▸ What you need to do:
Would you transcribe the entries below word for word, omitting all images?
--
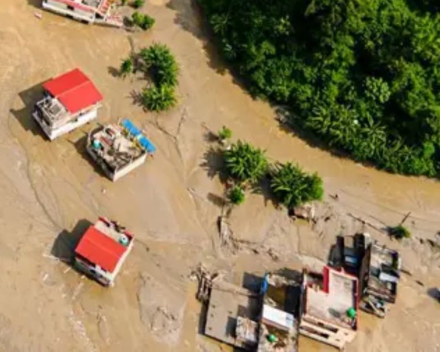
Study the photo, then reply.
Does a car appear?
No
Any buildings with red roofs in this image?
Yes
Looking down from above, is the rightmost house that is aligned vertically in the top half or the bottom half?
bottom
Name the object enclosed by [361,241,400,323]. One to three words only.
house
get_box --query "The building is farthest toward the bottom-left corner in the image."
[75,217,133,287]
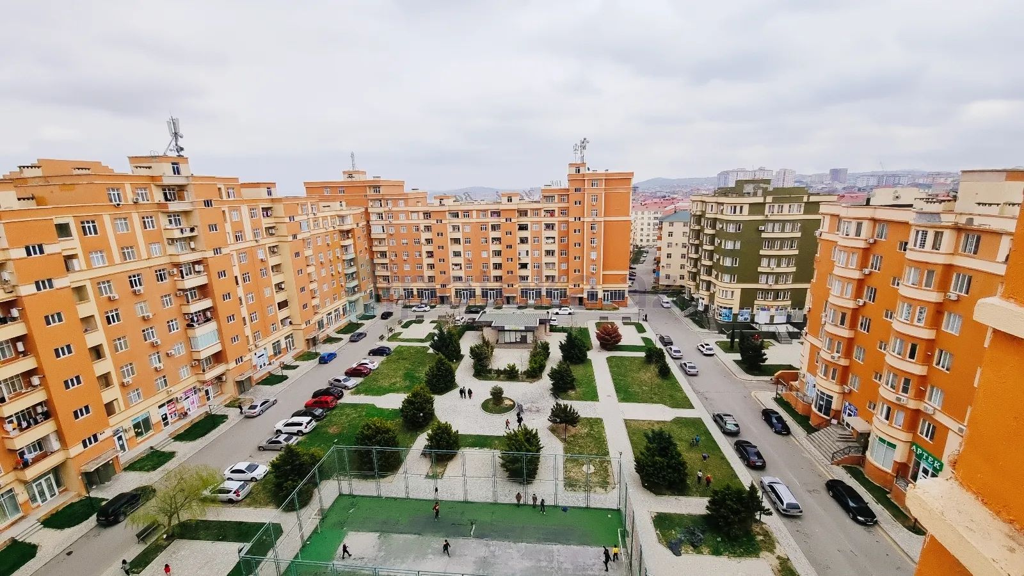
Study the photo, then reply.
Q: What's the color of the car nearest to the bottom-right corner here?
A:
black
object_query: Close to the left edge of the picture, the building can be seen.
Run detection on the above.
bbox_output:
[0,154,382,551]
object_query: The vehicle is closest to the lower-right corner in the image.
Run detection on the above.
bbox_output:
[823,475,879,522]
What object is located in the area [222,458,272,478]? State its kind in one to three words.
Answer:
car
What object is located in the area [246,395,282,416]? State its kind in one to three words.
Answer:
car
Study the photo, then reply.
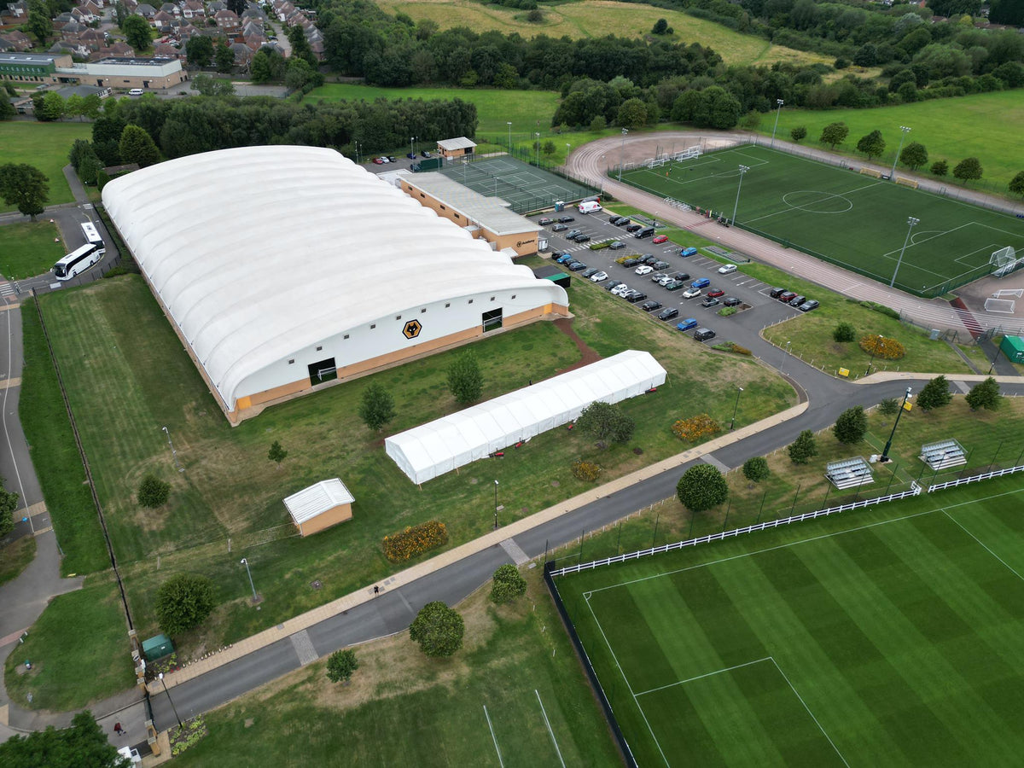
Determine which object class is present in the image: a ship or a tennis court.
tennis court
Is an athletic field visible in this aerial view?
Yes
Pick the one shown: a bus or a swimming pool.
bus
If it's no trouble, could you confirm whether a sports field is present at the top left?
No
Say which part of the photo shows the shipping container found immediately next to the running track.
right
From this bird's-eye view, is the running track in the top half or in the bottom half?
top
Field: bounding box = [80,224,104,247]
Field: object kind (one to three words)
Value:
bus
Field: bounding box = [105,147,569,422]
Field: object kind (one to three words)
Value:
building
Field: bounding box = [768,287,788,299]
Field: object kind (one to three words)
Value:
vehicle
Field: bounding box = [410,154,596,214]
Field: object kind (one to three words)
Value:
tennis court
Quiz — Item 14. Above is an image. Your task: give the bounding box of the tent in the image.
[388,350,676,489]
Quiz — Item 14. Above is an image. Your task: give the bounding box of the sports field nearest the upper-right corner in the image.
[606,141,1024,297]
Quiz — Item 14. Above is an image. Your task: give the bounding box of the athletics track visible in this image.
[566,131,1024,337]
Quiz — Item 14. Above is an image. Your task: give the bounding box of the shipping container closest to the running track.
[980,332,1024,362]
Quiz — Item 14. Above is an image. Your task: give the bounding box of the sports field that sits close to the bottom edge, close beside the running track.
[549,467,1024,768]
--
▸ Task solution:
Study the photo, then reply.
Does a car appear?
No
Any buildings with red roofs in this image?
Yes
Looking down from above, is the rightmost house that is aligned vertically in the top half or the bottom half?
bottom
Name the object enclosed by [361,241,400,323]. One to three words only.
house
get_box --query "The building is farthest toward the bottom-left corner in the image."
[75,217,133,287]
Study the photo, then reply.
Q: What's the color of the car nearest to the bottom-right corner here?
A:
black
object_query: Close to the left edge of the picture, the building can be seen.
Run detection on the above.
bbox_output:
[0,154,382,551]
object_query: The vehicle is closest to the lower-right corner in the image.
Run detection on the above.
bbox_output:
[823,475,879,522]
What object is located in the area [222,458,272,478]? State its kind in one to three words.
Answer:
car
What object is located in the area [246,395,282,416]? State its kind in one to three words.
Answer:
car
Study the photo, then reply.
Determine which object class is present in the image: a ship or a tennis court.
tennis court
Is an athletic field visible in this aerial view?
Yes
Pick the one shown: a bus or a swimming pool.
bus
If it's no trouble, could you confirm whether a sports field is present at the top left?
No
Say which part of the photo shows the shipping container found immediately next to the running track.
right
From this bird's-eye view, is the running track in the top half or in the bottom half?
top
Field: bounding box = [80,224,104,247]
Field: object kind (one to three words)
Value:
bus
Field: bounding box = [105,147,569,422]
Field: object kind (one to three words)
Value:
building
Field: bounding box = [768,287,788,299]
Field: object kind (one to three words)
Value:
vehicle
Field: bounding box = [410,154,596,214]
Field: object kind (one to three words)
Value:
tennis court
Quiz — Item 14. Above is an image. Your task: give the bounding box of the tent in the image.
[388,350,676,489]
Quiz — Item 14. Above is an image. Your task: give the bounding box of the sports field nearest the upper-right corner in the image.
[606,141,1024,297]
Quiz — Item 14. Above is an image. Your task: give the bounding box of the athletics track visible in this image.
[566,131,1024,337]
Quiz — Item 14. Above is an image. Your task: give the bounding box of the shipping container closest to the running track.
[980,332,1024,362]
Quiz — Item 14. Above is an image. Your task: give the bounding box of the sports field that sits close to the bottom edge, close beside the running track.
[549,467,1024,768]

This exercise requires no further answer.